Sainsbury Centre to host exhibition on history of superstructures

Foster's Sainsbury Centre for Visual Arts at UEA

Source: Andy Crouch

Foster’s Sainsbury Centre for Visual Arts at UEA

Models of the 20th century’s most important high-tech buildings will go on display together for the first time to mark the 40th anniversary of Norman Foster’s Sainsbury Centre in Norwich.

The exhibition, Superstructures, will be held in the grade II* building on the campus of Denys Lasdun’s University of East Anglia.

A new three-metre-long model of the Sainsbury Centre for Visual Arts – Foster’s first public building – will go on display for the first time alongside models loaned by various international collections.

These include the Reliance Controls Factory by Team 4 (Su Brumwell, Wendy Cheesman, Norman Foster and Richard Rogers); the Pompidou Centre by Rogers and Renzo Piano; Rogers’ Lloyd’s of London Building; Foster’s Willis Faber Dumas office; Waterloo International by Nicholas Grimshaw and the Hopkins House by Michael and Patty Hopkins.

Using models, photographs, film, paintings and objects, the exhibition will tell the story of architecture’s fascination with technology after the war which led to a new globally influential typology or superstructure.

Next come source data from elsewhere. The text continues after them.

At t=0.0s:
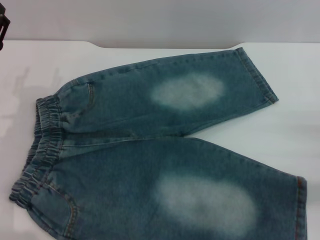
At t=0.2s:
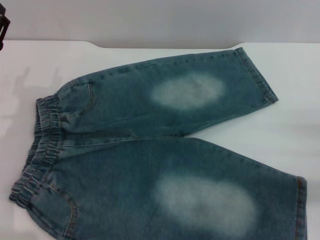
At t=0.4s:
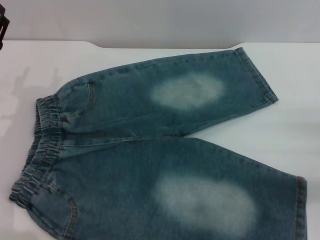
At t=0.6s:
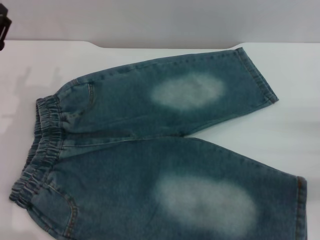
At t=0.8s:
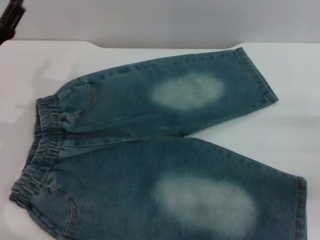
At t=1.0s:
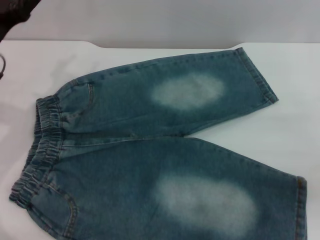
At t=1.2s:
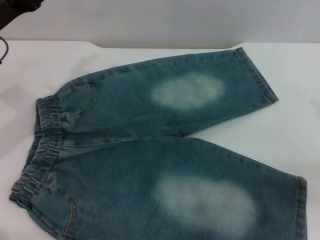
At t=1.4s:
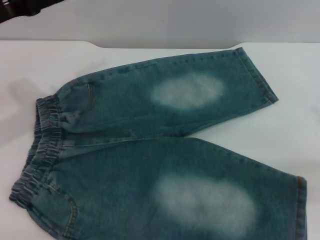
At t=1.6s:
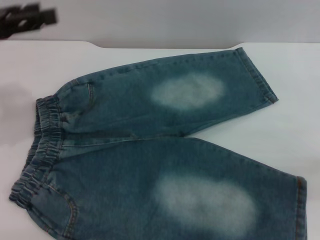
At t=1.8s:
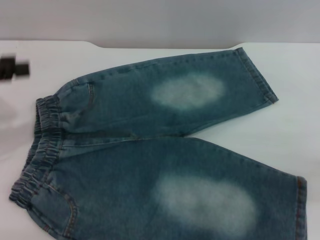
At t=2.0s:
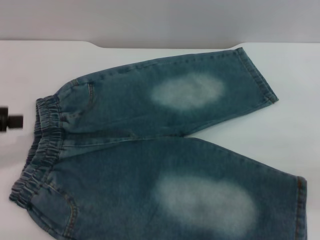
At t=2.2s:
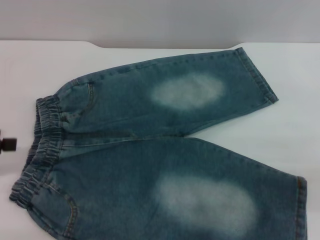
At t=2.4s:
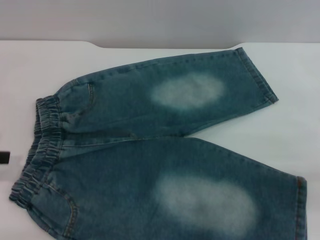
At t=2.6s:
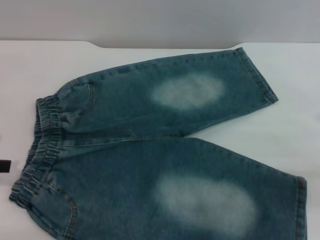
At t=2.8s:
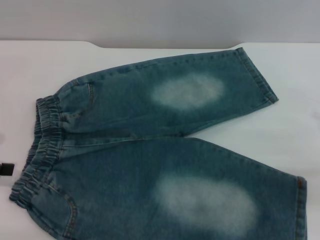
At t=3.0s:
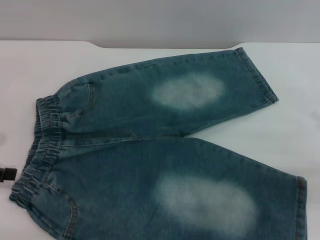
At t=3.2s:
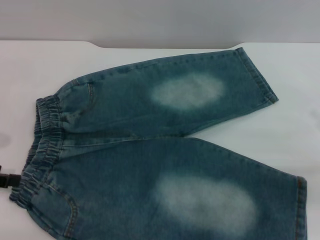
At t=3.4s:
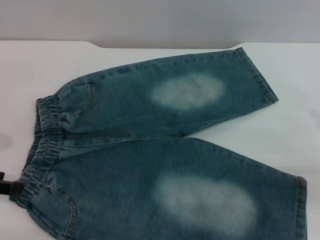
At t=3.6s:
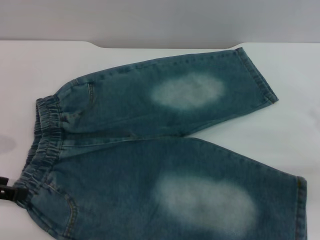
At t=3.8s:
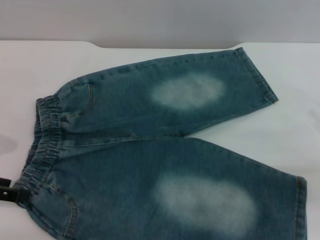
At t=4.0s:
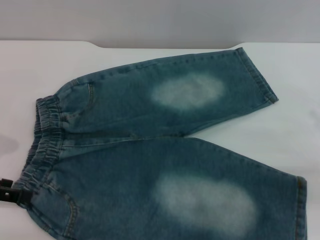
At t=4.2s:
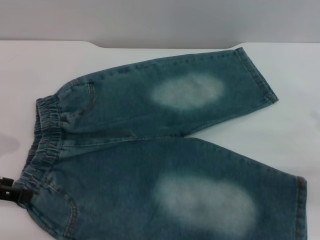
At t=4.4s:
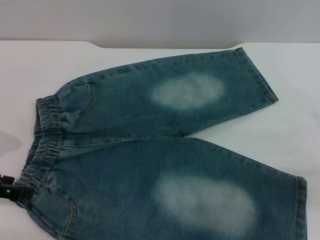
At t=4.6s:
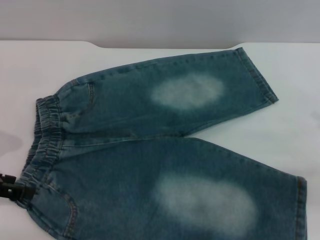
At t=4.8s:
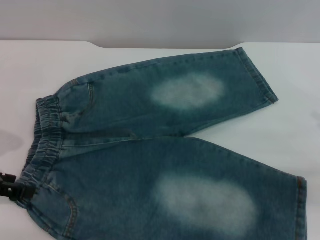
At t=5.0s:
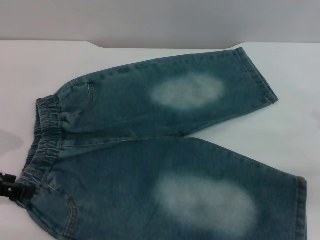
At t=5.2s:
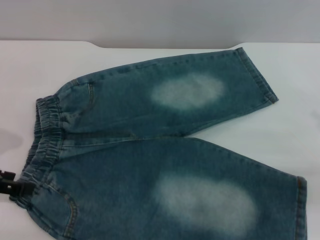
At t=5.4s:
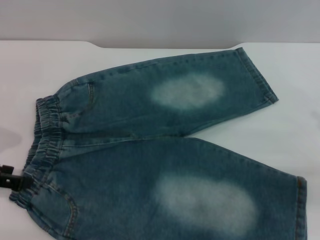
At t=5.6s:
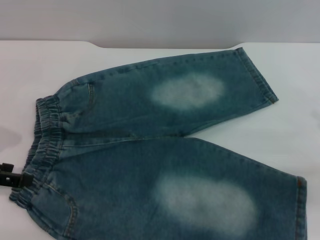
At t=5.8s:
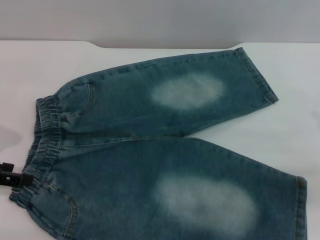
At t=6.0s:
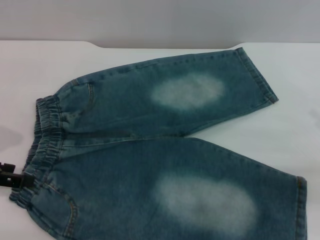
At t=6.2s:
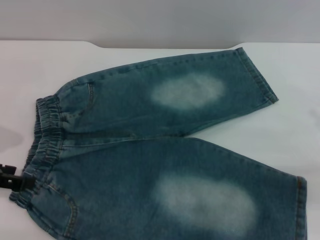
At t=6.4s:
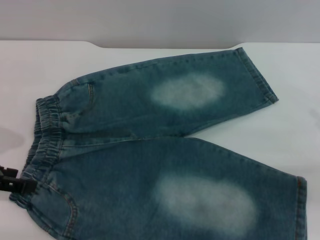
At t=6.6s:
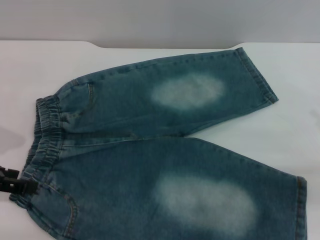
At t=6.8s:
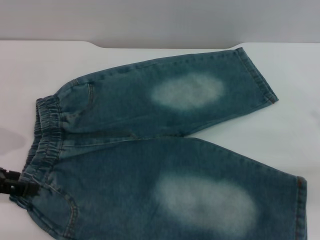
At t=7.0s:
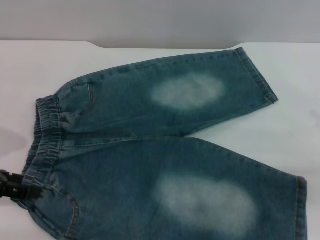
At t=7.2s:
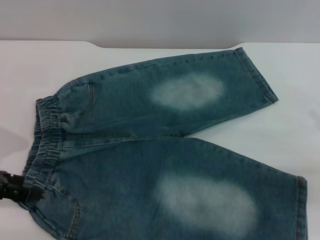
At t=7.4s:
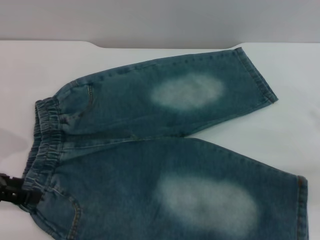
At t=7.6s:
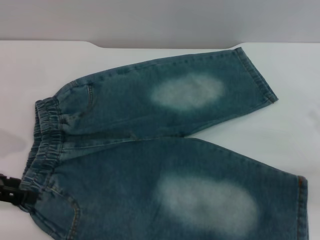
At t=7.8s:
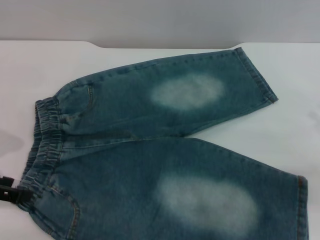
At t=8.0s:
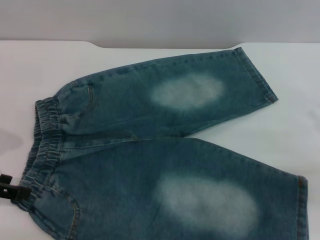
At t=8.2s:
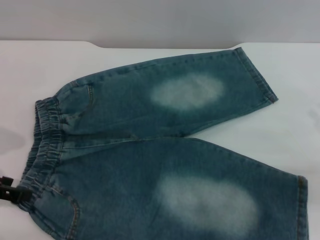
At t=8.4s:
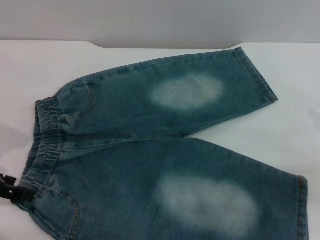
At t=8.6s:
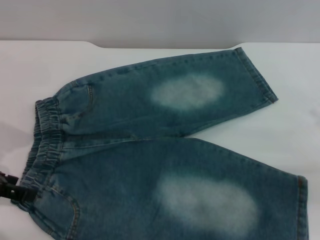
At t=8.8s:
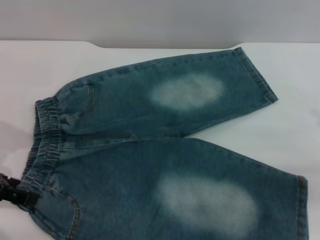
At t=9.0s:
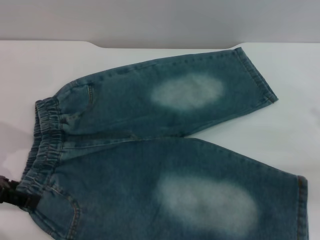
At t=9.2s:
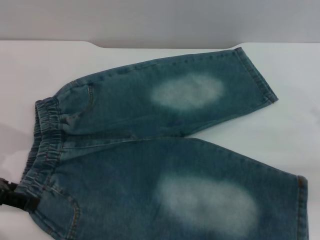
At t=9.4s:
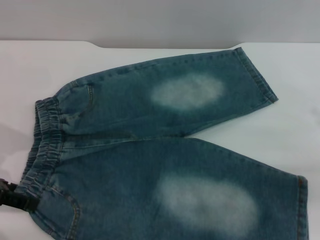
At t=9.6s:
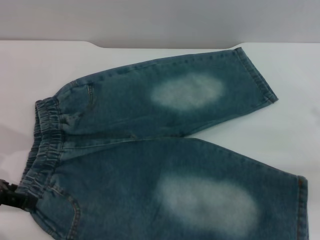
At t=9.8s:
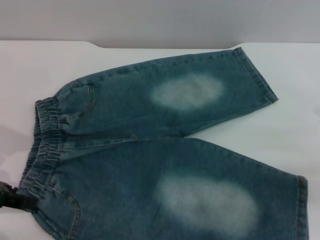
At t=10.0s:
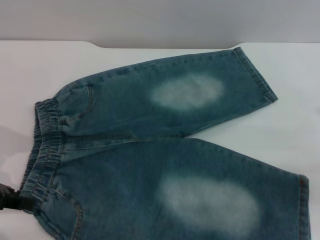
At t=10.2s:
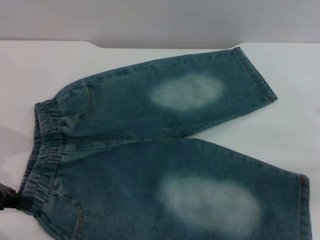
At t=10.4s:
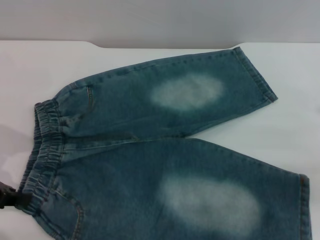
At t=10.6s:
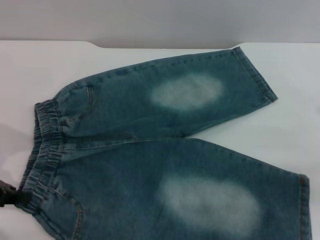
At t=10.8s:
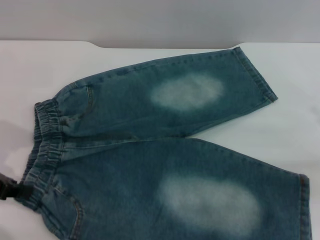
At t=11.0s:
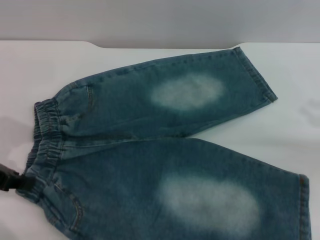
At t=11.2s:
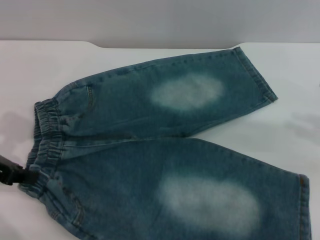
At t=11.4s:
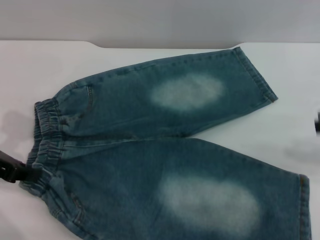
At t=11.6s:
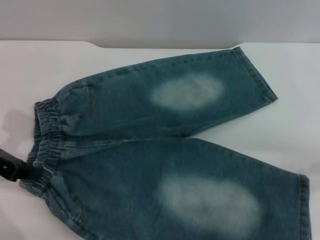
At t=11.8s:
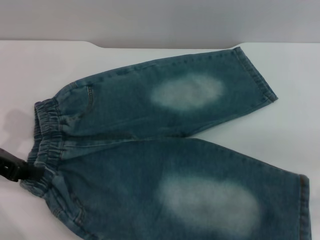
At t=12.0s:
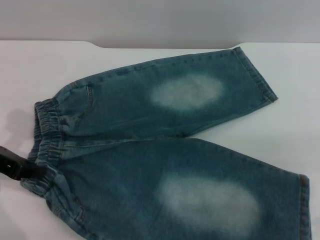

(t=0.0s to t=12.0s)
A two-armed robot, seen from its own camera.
t=0.0s - t=1.6s: The left gripper goes about 15 cm upward.
t=1.6s - t=3.0s: The left gripper goes some 10 cm downward, backward and to the left.
t=4.4s - t=6.0s: Neither gripper changes place.
t=6.0s - t=7.6s: The grippers make only small movements.
t=9.0s - t=10.4s: The left gripper closes its fingers.

It will show how high-tech emerged from a generation of largely British architects who were influenced by the ideas of late modernism, fascinated by structural engineering innovations and determined to apply the techniques of industrial production and assembly to buildings.

The exhibition will explore the seminal influence of figures such as Buckminster Fuller, Jean Prouvé, Charles and Ray Eames and Cedric Price.

Examples of “technology transfer” will show how techniques were adapted from the automotive, nautical, aerospace and information industries to create bold new materials and innovative industrial processes.

Lenders include the Centre Georges Pompidou, the RIBA, the V&A, the Canadian Centre for Architecture and the studios of Norman Foster, Richard Rogers and Nicholas Grimshaw.

The exhibition, which is curated by former Soane director Abraham Thomas and Jane Pavitt from Kingston University, will open in March.